After feature selection, supervised learning was adapted to train the model. Out of the 2200 responses collected, data were split between training and testing phases with a proportions of 70% and 30%, respectively. Using that 70% of the data, the model was trained successfully using the Catboost algorithm. The model attained accuracy of 96.8% in achieving precision education for students.
Figure 9 illustrates the pictorial view of the whole dataset, in which 74.94% of students have the safe label and 25.06% students are shown to be at risk of failure.
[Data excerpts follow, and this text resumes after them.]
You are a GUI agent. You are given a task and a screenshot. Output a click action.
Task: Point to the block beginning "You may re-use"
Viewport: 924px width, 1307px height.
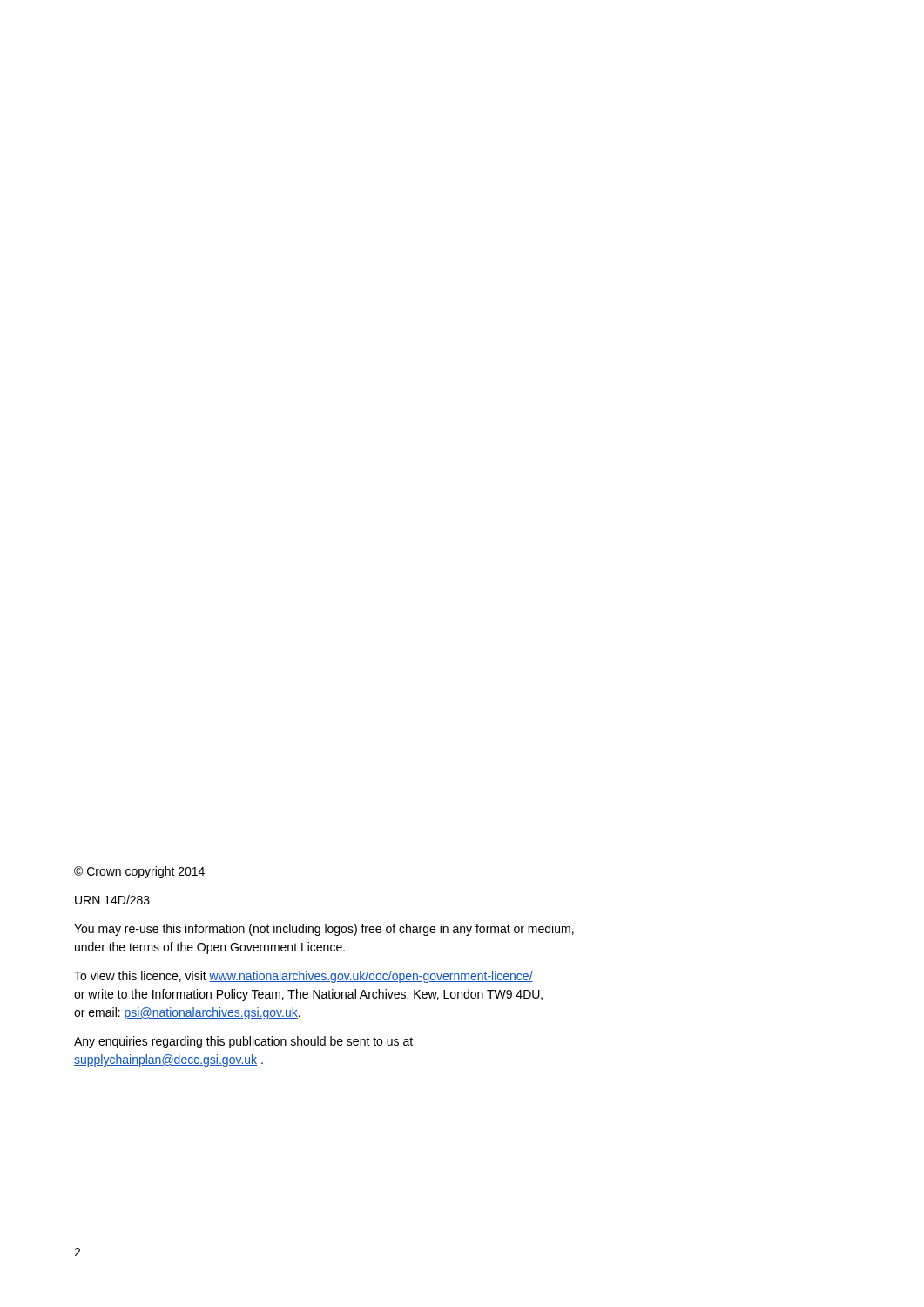[324, 938]
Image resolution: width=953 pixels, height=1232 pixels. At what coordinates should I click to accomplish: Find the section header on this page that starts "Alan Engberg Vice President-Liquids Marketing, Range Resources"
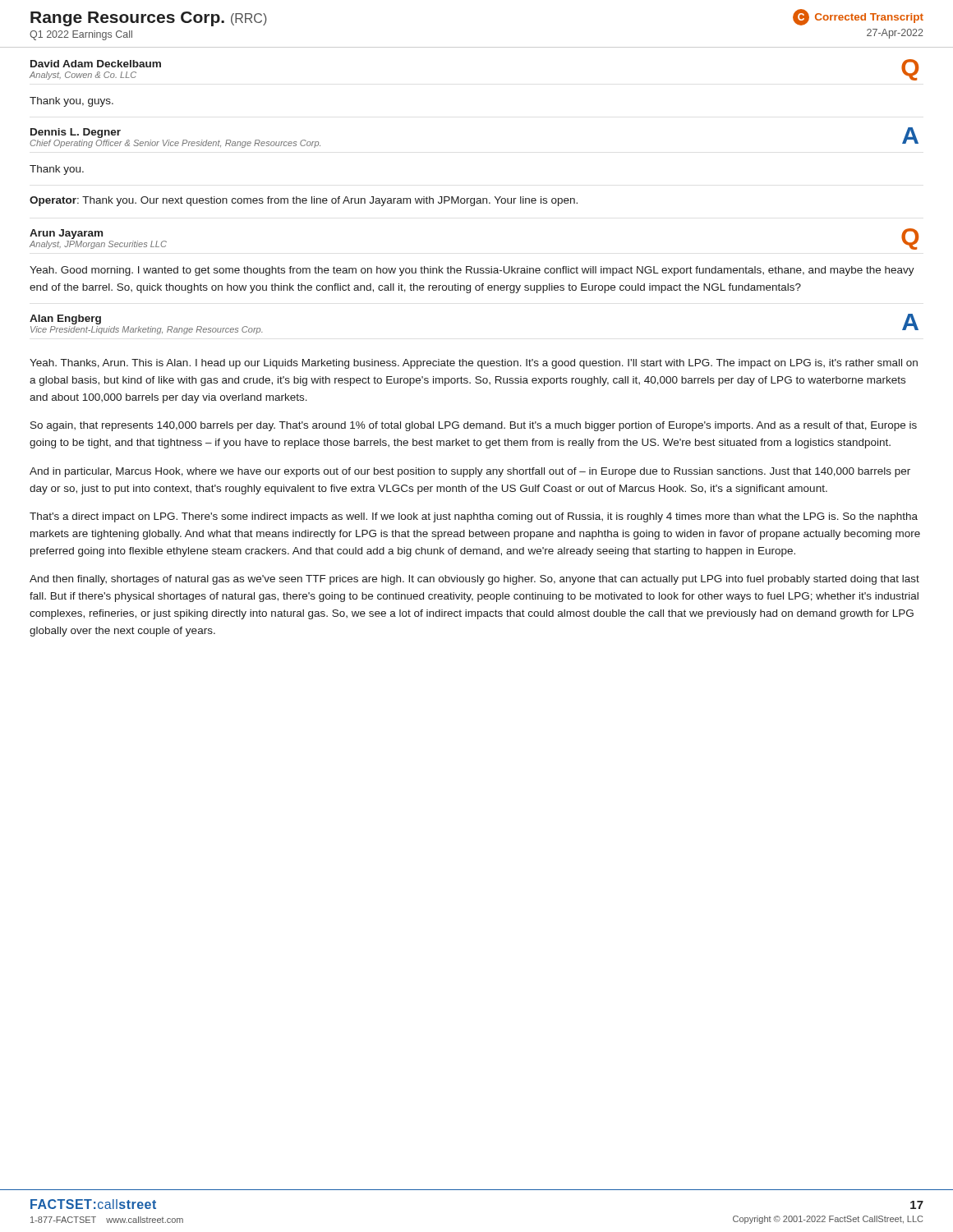tap(104, 328)

Validation of the model’s performance revealed 96.2% precision, 94.6% recall, and 92.6% F-measure for the safe class. For the at-risk classification, the achieved precision, recall, and F-measure were 97.4%, 96.1%, and 96.6%, respectively.
Figure 10,
Figure 11,
Figure 12,
Figure 13 and
Figure 14 plot the confusion matrices for each of the individual attributes (Q1–Q15) that influenced the performance of students. In these matrices, 0 corresponds to the safe class and 1 corresponds to the at-risk class.
As shown in
Figure 15, the full confusion matrix takes into account all the factors that affect students’ performance in the pursuit of precision education. The attribute-by-attribute evaluation of the trained model is represented by a full confusion matrix for all survey questions. Overall, a 96.8% accuracy rate was achieved, with a 3.2% error rate. In green cells, the achieved precision and error rates are displayed for each of the 15 attributes used to correctly predict the output class. The remaining color blocks show, respectively: the highest weighted factor for each question (in dark blue); the maximum accuracy (and error rate) achieved (in grey); and the analyzed weightage percentage (in light blue) with the relating error of each attribute.
Table 4 represents a comparison of the accuracy achieved by previous studies, as well as the error rate and methodology used to conduct each study, with those of our study. As shown in the table, the accuracy values achieved by the models of other studies are comparatively lower than that of the CatBoost model of this study. Hence, it is shown that the CatBoost model is more efficient than the models of existing studies. The experimental results demonstrate that the Catboost classifier is optimal for precision education, as the F-measure is 92.6% for the safe class and 96.6% for the at-risk class, as shown in
Table 5 for the precision, recall, F-measure, and ROC area of both classes. This classifier accurately predicted student performance with the provided data and features. Thus, this research enabled the development of a generalizable model capable of predicting the early academic performance of students, so that those who are at risk of dropping out may receive appropriate interventions, especially during the lock-down period of COVID-19.